Spot node pools reduce cost by 60–80% for workloads that tolerate interruption. The candidates are batch processing jobs, development and testing environments, machine learning training workloads, and any background worker that implements retry logic against a durable queue. The condition for spot pool suitability is not “can this workload survive an interruption” but “can this workload survive an interruption without operator involvement.” If a spot eviction requires a manual restart or a support ticket, the workload does not belong on spot nodes. If it queues its work durably and retries automatically, spot is appropriate and the cost reduction is substantial.
[DAN: Add preferred AKS node pool strategy — system vs user pool separation, node sizing for efficient scale-in, spot pool conditions.]
The Scale-In Aggression Trade-Off
Aggressive scale-in and conservative scale-in are not one right and one wrong — they are different positions on a genuine trade-off, and the right position depends on the traffic characteristics of the workload.

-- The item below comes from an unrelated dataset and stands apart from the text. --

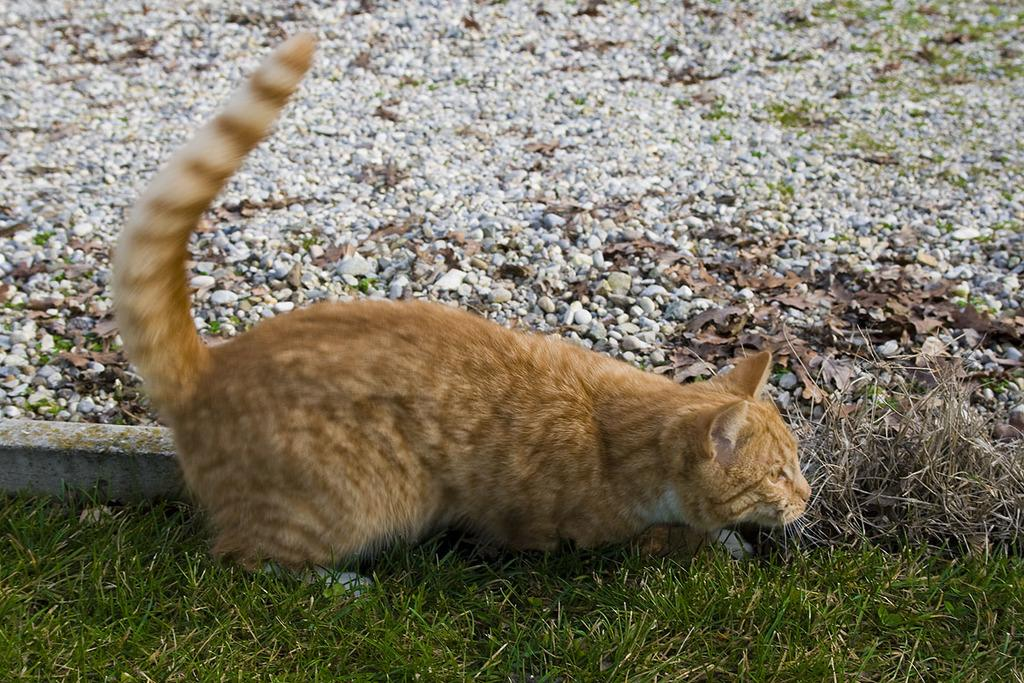What animal is in the middle of the image? There is a cat in the middle of the image. What type of surface is at the bottom of the image? There are stones at the bottom of the image. What type of vegetation is present in the image? There is grass in the image. How many kittens are playing with ink in the image? There are no kittens or ink present in the image.

Aggressive scale-in returns capacity to baseline quickly after a peak. The cost profile is lower on average, because fewer instance-hours are consumed in the period between a peak and the next demand spike. The risk is that a scale-in event coincides with the beginning of the next peak — the workload contracts just as demand is returning, triggers a scale-out, and the latency during the scale-out interval is visible to users. For workloads with bursty, unpredictable traffic, aggressive scale-in creates a saw-tooth performance profile that is difficult to predict and harder to explain to stakeholders than a slow billing trend.
Conservative scale-in keeps more capacity available for longer after a peak. The cost profile is higher because instances that are no longer fully utilised remain running. The benefit is a buffer against the next demand spike — if traffic returns before scale-in completes, the workload absorbs it without a scale-out event. For workloads with sustained load or sharp unpredictable spikes, conservative scale-in produces more stable performance at the cost of a higher baseline bill.
The decision rule is to match scale-in aggressiveness to traffic predictability. For workloads with predictable daily patterns — morning ramp, evening trough, minimal weekend load — lean aggressive on scale-in and use scheduled scaling to pre-scale ahead of the morning peak and scale in after the evening trough. Scheduled scaling does not wait for a metric threshold; it adjusts instance count on a schedule you define. The combination of aggressive scale-in with scheduled pre-scaling eliminates both the cost waste of conservative scale-in and the latency spike risk of aggressive scale-in against unpredictable traffic. For workloads with genuinely unpredictable traffic — event-driven architectures, consumer-facing applications with viral growth potential, anything dependent on external demand signals you do not control — lean conservative. The extra spend buys meaningful latency headroom that customers and SLAs will notice when you get it wrong.
Autoscaling done well produces lower average cost than equivalent fixed provisioning. The discipline is in the tuning, and specifically in the scale-in configuration, which receives a fraction of the attention that scale-out does during initial setup. Scale-out is visible — it responds to incidents, it prevents degradation, it is the mechanism that keeps the service up. Scale-in is invisible until you look at the bill. Look at the scale-in configuration first. The scale-out is probably fine.